# What you are asked to do
Print, exactly as they appear in the listing below, the lines from the line with "blk = doc.blocks.new('SE2')" to the line with "blk = doc.blocks.new('SE4')", with both end lines kept.

# Material supplied

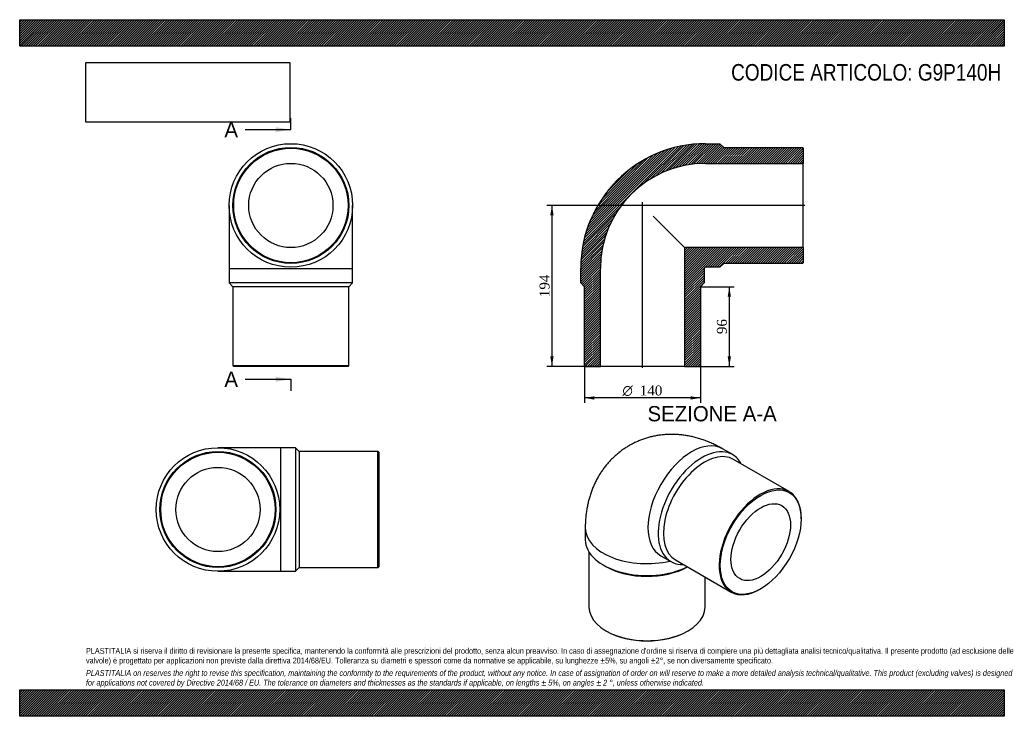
# Model space of a CAD drawing. Header units: millimetres. Extents: x 0 to 1188, y 0 to 840.
import ezdxf
from ezdxf.enums import TextEntityAlignment as Align
from ezdxf.lldxf.tags import DXFTag

# ---------------------------------------------------------------- set-up
doc = ezdxf.new("R2010")
doc.units = ezdxf.units.MM
doc.header["$LTSCALE"] = 4
for name, color, linetype in [('Default', 7, 'Continuous'), ('DV4_Default', 7, 'Continuous'), ('G9P140H', 7, 'Continuous')]:
    doc.layers.add(name, color=color, linetype=linetype)
doc.styles.add('SEACAD_Solid_Edge_ANSI', font='seans.ttf')
doc.styles.add('SEACAD_Solid_Edge_ANSI1_Symbols', font='semeca1.ttf')
doc.styles.add('SEACAD_Times_New_Roman', font='times.ttf')
tags = doc.linetypes.add('CENTER2', pattern=[28.575, 19.05, -3.175, 3.175, -3.175]).pattern_tags.tags
tags[10:11] = [DXFTag(74, 4), DXFTag(75, 0), DXFTag(340, '0'), DXFTag(46, 0.0), DXFTag(50, 0.0), DXFTag(44, 0.0), DXFTag(45, 0.0)]
tags[8:9] = [DXFTag(74, 4), DXFTag(75, 0), DXFTag(340, '0'), DXFTag(46, 0.0), DXFTag(50, 0.0), DXFTag(44, 0.0), DXFTag(45, 0.0)]
tags[6:7] = [DXFTag(74, 4), DXFTag(75, 0), DXFTag(340, '0'), DXFTag(46, 0.0), DXFTag(50, 0.0), DXFTag(44, 0.0), DXFTag(45, 0.0)]
tags[4:5] = [DXFTag(74, 4), DXFTag(75, 0), DXFTag(340, '0'), DXFTag(46, 0.0), DXFTag(50, 0.0), DXFTag(44, 0.0), DXFTag(45, 0.0)]
doc.dimstyles.new('ANSImm', dxfattribs={"dimtxt": 12, "dimasz": 12, "dimexe": 6, "dimexo": 0, "dimgap": 3, "dimtad": 1, "dimdsep": 46, "dimtxsty": 'SEACAD_Times_New_Roman', "dimblk1": '_SE_FILLED', "dimblk2": '_SE_FILLED', "dimsah": 1, "dimcen": 6, "dimazin": 0, "dimtfac": 0.85, "dimtdec": 3, "dimtofl": 0, "dimtmove": 0, "dimatfit": 3, "dimfxl": 1, "dimarcsym": 0})
picture_1 = doc.add_image_def('image1.jpg', size_in_pixel=(4302, 1260))

# ---------------------------------------------------------------- blocks, each defined once
blk = doc.blocks.new('SE')
at = {"layer": 'G9P140H', "color": 7, "linetype": 'Continuous'}
for p, q in [((252.7, 616), (252.7, 540)), ((401.7, 540), (401.7, 616)), ((252.7, 540), (401.7, 540)), ((252.7, 540), (252.7, 522.5)), ((401.7, 522.5), (401.7, 540)), ((401.7, 522.5), (252.7, 522.5)), ((252.7, 522.5), (257.2, 518)), ((397.2, 518), (257.2, 518)), ((257.2, 518), (257.2, 423)), ((397.2, 518), (401.7, 522.5)), ((397.2, 423), (397.2, 518)), ((257.2, 423), (397.2, 423)), ((257.2, 423), (258.2, 422)), ((396.2, 422), (258.2, 422)), ((396.2, 422), (397.2, 423))]:
    blk.add_line(p, q, dxfattribs=at)
for radius in [74.5, 70, 69, 50.8]:
    blk.add_circle((327.2, 616), radius, dxfattribs=at)
blk = doc.blocks.new('SE1')
at = {"layer": 'G9P140H', "color": 7, "linetype": 'Continuous'}
for p, q in [((860.3, 315.5), (847.9, 322.7)), ((928.4, 271), (861.2, 309.8)), ((942.9, 238.1), (942.9, 239)), ((682.4, 227.1), (682.4, 212.8)), ((686.9, 198.1), (686.9, 131.6)), ((773.4, 193.6), (785.8, 186.5)), ((704.3, 182.4), (707.4, 180.6)), ((791.2, 188.5), (858.4, 149.8)), ((826.9, 131.6), (826.9, 167.9)), ((893.4, 153.2), (894.1, 153.6)), ((707.4, 103), (708.1, 102.6)), ((805.7, 102.6), (806.4, 103))]:
    blk.add_line(p, q, dxfattribs=at)
for centre, major_axis, start_param, end_param in [((810.7, 258.1), (-37.2, -64.5), 3.141593, 6.283185), ((823, 251), (37.2, 64.5), 0, 3.490937), ((826.2, 249.2), (35, 60.6), 0, 3.141593), ((823, 251), (37.2, 64.5), 5.933841, 6.283185), ((893.4, 210.4), (-35, -60.6), 2.356194, 6.283185), ((756.9, 227.1), (-74.5, 0), 0, 1.951129), ((756.9, 212.8), (74.5, 0), 3.141593, 5.423962), ((756.9, 209.2), (70, 0), 3.926991, 5.483573), ((893.4, 210.4), (-35, -60.6), 0, 0.785398), ((756.9, 131.6), (-70, 0), 0, 3.141593), ((756.9, 130.8), (69, 0), 3.926991, 5.497787)]:
    blk.add_ellipse(centre, major_axis=major_axis, ratio=0.57735, start_param=start_param, end_param=end_param, dxfattribs=at)
for major_axis in [(34.5, 59.8), (25.4, 44)]:
    blk.add_ellipse((894.1, 210), major_axis=major_axis, ratio=0.57735, dxfattribs=at)
blk.add_open_spline([(847.9, 322.7), (846.7, 323.4), (844.1, 324.8), (839.3, 327.3), (834, 329.7), (828.6, 332), (823.2, 333.9), (817.8, 335.6), (812.3, 337), (806.9, 338.1), (801.5, 339), (796.1, 339.6), (790.8, 339.9), (785.5, 340), (780.2, 339.8), (775.1, 339.4), (769.9, 338.7), (764.9, 337.8), (760, 336.6), (755.1, 335.2), (750.3, 333.5), (745.7, 331.6), (741.2, 329.5), (736.7, 327.2), (732.5, 324.7), (728.3, 322), (724.3, 319.1), (720.5, 315.9), (716.8, 312.6), (713.3, 309.2), (710, 305.5), (706.8, 301.7), (703.8, 297.8), (701, 293.7), (698.4, 289.4), (695.9, 285), (693.7, 280.4), (691.6, 275.8), (689.8, 271), (688.1, 266), (686.7, 261), (685.4, 255.8), (684.4, 250.5), (683.5, 245.1), (682.9, 239.6), (682.6, 234.1), (682.4, 229.8), (682.4, 227.6), (682.4, 227.1)], degree=3, knots=[0, 0, 0, 0, 0.016011, 0.041028, 0.065965, 0.090681, 0.11514, 0.139319, 0.163203, 0.18679, 0.210083, 0.233094, 0.255836, 0.278327, 0.300586, 0.322631, 0.344483, 0.366159, 0.387678, 0.409058, 0.430316, 0.451468, 0.472531, 0.493521, 0.514453, 0.535342, 0.5562, 0.577043, 0.597888, 0.618751, 0.639651, 0.660604, 0.681631, 0.70275, 0.723983, 0.745351, 0.766876, 0.788579, 0.810484, 0.832612, 0.854982, 0.877611, 0.900512, 0.923692, 0.94715, 0.970879, 0.994235, 1, 1, 1, 1], dxfattribs=at)
blk = doc.blocks.new('SE2')
at = {"layer": 'G9P140H', "color": 7, "linetype": 'Continuous'}
for p, q in [((315.2, 323.9), (239.2, 323.9)), ((315.2, 174.9), (315.2, 323.9)), ((332.7, 323.9), (315.2, 323.9)), ((332.7, 323.9), (332.7, 174.9)), ((337.2, 319.4), (332.7, 323.9)), ((337.2, 319.4), (337.2, 179.4)), ((432.2, 319.4), (337.2, 319.4)), ((432.2, 179.4), (432.2, 319.4)), ((433.2, 318.4), (432.2, 319.4)), ((433.2, 318.4), (433.2, 180.4)), ((332.7, 174.9), (337.2, 179.4)), ((337.2, 179.4), (432.2, 179.4)), ((432.2, 179.4), (433.2, 180.4)), ((239.2, 174.9), (315.2, 174.9)), ((315.2, 174.9), (332.7, 174.9))]:
    blk.add_line(p, q, dxfattribs=at)
for radius in [74.5, 70, 69, 50.8]:
    blk.add_circle((239.2, 249.4), radius, dxfattribs=at)
blk = doc.blocks.new('SE4')
at = {"color": 7, "linetype": 'Continuous', "style": 'SEACAD_Solid_Edge_ANSI'}
blk.add_text('A', height=18.4, dxfattribs=at).set_placement((247, 716.6), align=Align.TOP_LEFT)
blk = doc.blocks.new('SE5')
at = {"color": 7, "linetype": 'Continuous', "style": 'SEACAD_Solid_Edge_ANSI'}
blk.add_text('A', height=18.4, dxfattribs=at).set_placement((247, 415.6), align=Align.TOP_LEFT)
blk = doc.blocks.new('SEANNOT_GROUP')
at = {"linetype": 'Continuous'}
blk.add_hatch(color=7, dxfattribs=at).paths.add_polyline_path([(308.8, 704.3), (327.2, 707.4), (308.8, 710.4)])
at = {"color": 7, "linetype": 'Continuous'}
blk.add_lwpolyline([(272, 707.4), (327.2, 707.4)], dxfattribs=at)
blk = doc.blocks.new('SEANNOT_GROUP1')
at = {"linetype": 'Continuous'}
blk.add_hatch(color=7, dxfattribs=at).paths.add_polyline_path([(308.8, 403.3), (327.2, 406.4), (308.8, 409.5)])
at = {"color": 7, "linetype": 'Continuous'}
blk.add_lwpolyline([(272, 406.4), (327.2, 406.4)], dxfattribs=at)
blk = doc.blocks.new('SE3')
at = {"layer": 'Default', "color": 7, "linetype": 'CENTER2'}
for p, q in [((327.2, 707.4), (327.2, 721.2)), ((327.2, 406.4), (327.2, 392.6))]:
    blk.add_line(p, q, dxfattribs=at)
at = {"layer": 'Default', "color": 7, "linetype": 'CENTER2', "const_width": 0.0001}
blk.add_lwpolyline([(327.2, 707.4), (327.2, 406.4)], dxfattribs=at)
at = {"layer": 'Default'}
for name in ['SE4', 'SEANNOT_GROUP', 'SE5', 'SEANNOT_GROUP1']:
    blk.add_blockref(name, (0, 0), dxfattribs=at)
blk = doc.blocks.new('SE6')
at = {"layer": 'G9P140H', "linetype": 'Continuous'}
h = blk.add_hatch(dxfattribs=at)
h.set_pattern_fill('LINE', scale=0.629921, angle=45, style=0)
edge = h.paths.add_edge_path()
edge.add_line((944.4, 686), (849.4, 686))
edge.add_line((849.4, 686), (844.9, 690.5))
edge.add_line((844.9, 690.5), (827.4, 690.5))
edge.add_arc((827.4, 540), 150.5, 90, 180)
edge.add_line((676.9, 540), (676.9, 522.5))
edge.add_line((676.9, 522.5), (681.4, 518))
edge.add_line((681.4, 518), (681.4, 423))
edge.add_line((681.4, 423), (682.4, 422))
edge.add_line((682.4, 422), (700.6, 422))
edge.add_line((700.6, 422), (700.6, 540))
edge.add_arc((827.4, 540), 126.8, 90, 180, ccw=False)
edge.add_line((827.4, 666.8), (945.4, 666.8))
edge.add_line((945.4, 666.8), (945.4, 685))
edge.add_line((945.4, 685), (944.4, 686))
h = blk.add_hatch(dxfattribs=at)
h.set_pattern_fill('LINE', scale=0.629921, angle=45, style=0)
edge = h.paths.add_edge_path()
edge.add_line((945.4, 547), (945.4, 565.2))
edge.add_line((945.4, 565.2), (802.2, 565.2))
edge.add_line((802.2, 565.2), (802.2, 422))
edge.add_line((802.2, 422), (820.4, 422))
edge.add_line((820.4, 422), (821.4, 423))
edge.add_line((821.4, 423), (821.4, 518))
edge.add_line((821.4, 518), (825.9, 522.5))
edge.add_line((825.9, 522.5), (825.9, 540))
edge.add_arc((827.4, 540), 1.5, 90, 180, ccw=False)
edge.add_line((827.4, 541.5), (844.9, 541.5))
edge.add_line((844.9, 541.5), (849.4, 546))
edge.add_line((849.4, 546), (944.4, 546))
edge.add_line((944.4, 546), (945.4, 547))
at = {"layer": 'DV4_Default', "color": 7, "linetype": 'CENTER2'}
for p, q in [((751.4, 420.3), (751.4, 620.1)), ((947.2, 616), (747.1, 616))]:
    blk.add_line(p, q, dxfattribs=at)
at = {"layer": 'G9P140H', "color": 7, "linetype": 'Continuous'}
for p, q in [((827.4, 690.5), (844.9, 690.5)), ((844.9, 690.5), (849.4, 686)), ((849.4, 686), (944.4, 686)), ((944.4, 686), (945.4, 685)), ((945.4, 685), (945.4, 666.8)), ((827.4, 666.8), (945.4, 666.8)), ((945.4, 565.2), (945.4, 666.8)), ((764.5, 603), (802.2, 565.2)), ((945.4, 565.2), (802.2, 565.2)), ((802.2, 565.2), (802.2, 422)), ((945.4, 565.2), (945.4, 547)), ((945.4, 547), (944.4, 546)), ((676.9, 522.5), (676.9, 540)), ((700.6, 422), (700.6, 540)), ((825.9, 540), (825.9, 522.5)), ((844.9, 541.5), (827.4, 541.5)), ((849.4, 546), (844.9, 541.5)), ((944.4, 546), (849.4, 546)), ((681.4, 518), (676.9, 522.5)), ((681.4, 423), (681.4, 518)), ((825.9, 522.5), (821.4, 518)), ((821.4, 518), (821.4, 423)), ((682.4, 422), (681.4, 423)), ((682.4, 422), (700.6, 422)), ((802.2, 422), (700.6, 422)), ((802.2, 422), (820.4, 422)), ((821.4, 423), (820.4, 422))]:
    blk.add_line(p, q, dxfattribs=at)
for radius in [150.5, 126.8, 1.5]:
    blk.add_arc((827.4, 540), radius, 90, 180, dxfattribs=at)
blk = doc.blocks.new('GDimGGroup')
at = {"layer": 'Default', "linetype": 'Continuous'}
for points in [[(693.4, 381.9), (693.4, 385.9), (681.4, 383.9)], [(809.4, 381.9), (821.4, 383.9), (809.4, 385.9)]]:
    blk.add_hatch(color=7, dxfattribs=at).paths.add_polyline_path(points)
at = {"layer": 'Default', "color": 7, "linetype": 'Continuous'}
for p, q in [((681.4, 423), (681.4, 377.9)), ((821.4, 423), (821.4, 377.9)), ((821.4, 383.9), (681.4, 383.9))]:
    blk.add_line(p, q, dxfattribs=at)
for s, style, p in [('O', 'SEACAD_Solid_Edge_ANSI1_Symbols', (727.3, 398.9)), ('140', 'SEACAD_Times_New_Roman', (748.2, 398.9))]:
    blk.add_text(s, height=12, dxfattribs=dict(at, style=style)).set_placement(p, align=Align.TOP_LEFT)
blk = doc.blocks.new('DMBLK153')
at = {"layer": 'Default', "linetype": 'Continuous'}
for points in [[(858.2, 506), (856.2, 518), (854.2, 506)], [(858.2, 434), (854.2, 434), (856.2, 422)]]:
    blk.add_hatch(color=7, dxfattribs=at).paths.add_polyline_path(points)
at = {"layer": 'Default', "color": 7, "linetype": 'Continuous'}
for p, q in [((821.4, 518), (862.2, 518)), ((856.2, 518), (856.2, 422)), ((802.2, 422), (862.2, 422))]:
    blk.add_line(p, q, dxfattribs=at)
at = {"layer": 'Default', "color": 7, "linetype": 'Continuous', "style": 'SEACAD_Times_New_Roman'}
blk.add_text('96', height=12, rotation=90, dxfattribs=at).set_placement((841.2, 460.9), align=Align.TOP_LEFT)
blk = doc.blocks.new('_SE_FILLED')
at = {"color": 0}
blk.add_line((0, 0), (-1, 0), dxfattribs=at)
blk.add_solid([(0, 0), (-1, -0.1665), (-1, 0.1665), (0, 0)], dxfattribs=at)
blk = doc.blocks.new('DMBLK154')
at = {"layer": 'Default', "linetype": 'Continuous'}
for points in [[(640.2, 604), (644.2, 604), (642.2, 616)], [(640.2, 434), (642.2, 422), (644.2, 434)]]:
    blk.add_hatch(color=7, dxfattribs=at).paths.add_polyline_path(points)
at = {"layer": 'Default', "color": 7, "linetype": 'Continuous'}
for p, q in [((751.4, 616), (636.2, 616)), ((642.2, 616), (642.2, 422)), ((700.6, 422), (636.2, 422))]:
    blk.add_line(p, q, dxfattribs=at)
at = {"layer": 'Default', "color": 7, "linetype": 'Continuous', "style": 'SEACAD_Times_New_Roman'}
blk.add_text('194', height=12, rotation=90, dxfattribs=at).set_placement((627.2, 505.4), align=Align.TOP_LEFT)

msp = doc.modelspace()

# ---------------------------------------------------------------- hatches: boundary and pattern name
at = {"layer": 'Default', "linetype": 'Continuous'}
h = msp.add_hatch(dxfattribs=at)
h.set_pattern_fill('LINE', scale=0.629921, angle=45, style=0)
h.paths.add_polyline_path([(1188, 808), (1188, 840), (0, 840), (0, 808)])
for points in [[(1188, 808), (1188, 840), (0, 840), (0, 808)], [(1188, 0), (1188, 32), (0, 32), (0, 0)]]:
    msp.add_hatch(color=7, dxfattribs=at).paths.add_polyline_path(points)
h = msp.add_hatch(dxfattribs=at)
h.set_pattern_fill('LINE', scale=0.629921, angle=45, style=0)
h.paths.add_polyline_path([(1188, 0), (1188, 32), (0, 32), (0, 0)])

# ---------------------------------------------------------------- linework, layer by layer
at = {"layer": 'Default', "color": 7, "linetype": 'Continuous'}
for p, q in [((0, 840), (1188, 840)), ((0, 808), (0, 840)), ((1188, 840), (1188, 808)), ((1188, 808), (0, 808)), ((0, 32), (1188, 32)), ((0, 0), (0, 32)), ((1188, 32), (1188, 0)), ((1188, 0), (0, 0))]:
    msp.add_line(p, q, dxfattribs=at)

# ---------------------------------------------------------------- block references
at = {"layer": 'Default'}
for name in ['SE3', 'SE', 'SE6', 'GDimGGroup', 'SE1', 'SE2']:
    msp.add_blockref(name, (0, 0), dxfattribs=at)

# ---------------------------------------------------------------- texts
at = {"layer": 'Default', "color": 7, "linetype": 'Continuous', "style": 'SEACAD_Solid_Edge_ANSI'}
msp.add_text('SEZIONE A-A', height=18.4, dxfattribs=at).set_placement((757.526, 374.097), align=Align.TOP_LEFT)
at = {"layer": 'Default', "attachment_point": 1}
for s, insert, char_height, width in [('{\\fArial Narrow|b0||i0||c0|p34;\\C7;\\H20.;\\W1.;CODICE ARTICOLO: G9P140H}', (858.374, 786.523), 20, 330.88797), ("{\\fArial Narrow|b0||i0||c0|p34;\\C7;\\H7.;\\W1.;PLASTITALIA si riserva il diritto di revisionare la presente specifica, mantenendo la conformità alle prescrizioni del prodotto, senza alcun preavviso. In caso di assegnazione d'ordine si riserva di compiere una più dettagliata analisi tecnico/qualitativa. Il presente prodotto (ad esclusione delle \\P}{\\fArial Narrow|b0||i0||c0|p34;\\C7;\\H7.;\\W1.;valvole) è progettato per applicazioni non previste dalla direttiva 2014/68/EU. Tolleranza su diametri e spessori come da normative se applicabile, su lunghezze ±5%, su angoli ±2°, se non diversamente specificato.\\P}{\\fArial Narrow|b0||i0||c0|p34;\\C7;\\H2.;\\W1.;   \\P}{\\fArial Narrow|b0||i1||c0|p34;\\C7;\\H7.;\\W1.;PLASTITALIA on reserves the right to revise this specification, maintaining the conformity to the requirements of the product, without any notice. In case of assignation of order on will reserve to make a more detailed analysis technical/qualitative. This product (excluding valves) is designed \\P}{\\fArial Narrow|b0||i1||c0|p34;\\C7;\\H7.;\\W1.;for applications not covered by Directive 2014/68 / EU. The tolerance on diameters and thicknesses as the standards if applicable, on lengths ± 5%, on angles ± 2 °, unless otherwise indicated.\\P}", (80, 82.409), 7, 1028)]:
    msp.add_mtext(s, dxfattribs=dict(at, insert=insert, char_height=char_height, width=width))

# ---------------------------------------------------------------- dimensions: what is measured, and where the dimension line sits
at = {"layer": 'Default', "color": 7, "linetype": 'Continuous'}
for base, p1, p2, picture, middle in [((622.211, 442.565), (751.435, 616.029), (700.635, 422.029), 'DMBLK154', (642.234, 519.029)), ((856.236, 422.029), (821.435, 518.029), (802.235, 422.029), 'DMBLK153', (856.236, 470.029))]:
    dim = msp.add_linear_dim(base=base, p1=p1, p2=p2, angle=90, text='\\A1;<>', dimstyle='ANSImm', dxfattribs=at)
    dim.commit()
    dim.dimension.update_dxf_attribs({"geometry": picture, "text_midpoint": middle, "dimtype": 160})

# ---------------------------------------------------------------- pictures from other files: only their frames are drawn
image = msp.add_image(picture_1, insert=(80, 716.413), size_in_units=(245.829, 72))
image.dxf.flags = 7

doc.saveas('drawing.dxf')

# Problem solution
blk = doc.blocks.new('SE2')
at = {"layer": 'G9P140H', "color": 7, "linetype": 'Continuous'}
for p, q in [((315.2, 323.9), (239.2, 323.9)), ((315.2, 174.9), (315.2, 323.9)), ((332.7, 323.9), (315.2, 323.9)), ((332.7, 323.9), (332.7, 174.9)), ((337.2, 319.4), (332.7, 323.9)), ((337.2, 319.4), (337.2, 179.4)), ((432.2, 319.4), (337.2, 319.4)), ((432.2, 179.4), (432.2, 319.4)), ((433.2, 318.4), (432.2, 319.4)), ((433.2, 318.4), (433.2, 180.4)), ((332.7, 174.9), (337.2, 179.4)), ((337.2, 179.4), (432.2, 179.4)), ((432.2, 179.4), (433.2, 180.4)), ((239.2, 174.9), (315.2, 174.9)), ((315.2, 174.9), (332.7, 174.9))]:
    blk.add_line(p, q, dxfattribs=at)
for radius in [74.5, 70, 69, 50.8]:
    blk.add_circle((239.2, 249.4), radius, dxfattribs=at)
blk = doc.blocks.new('SE4')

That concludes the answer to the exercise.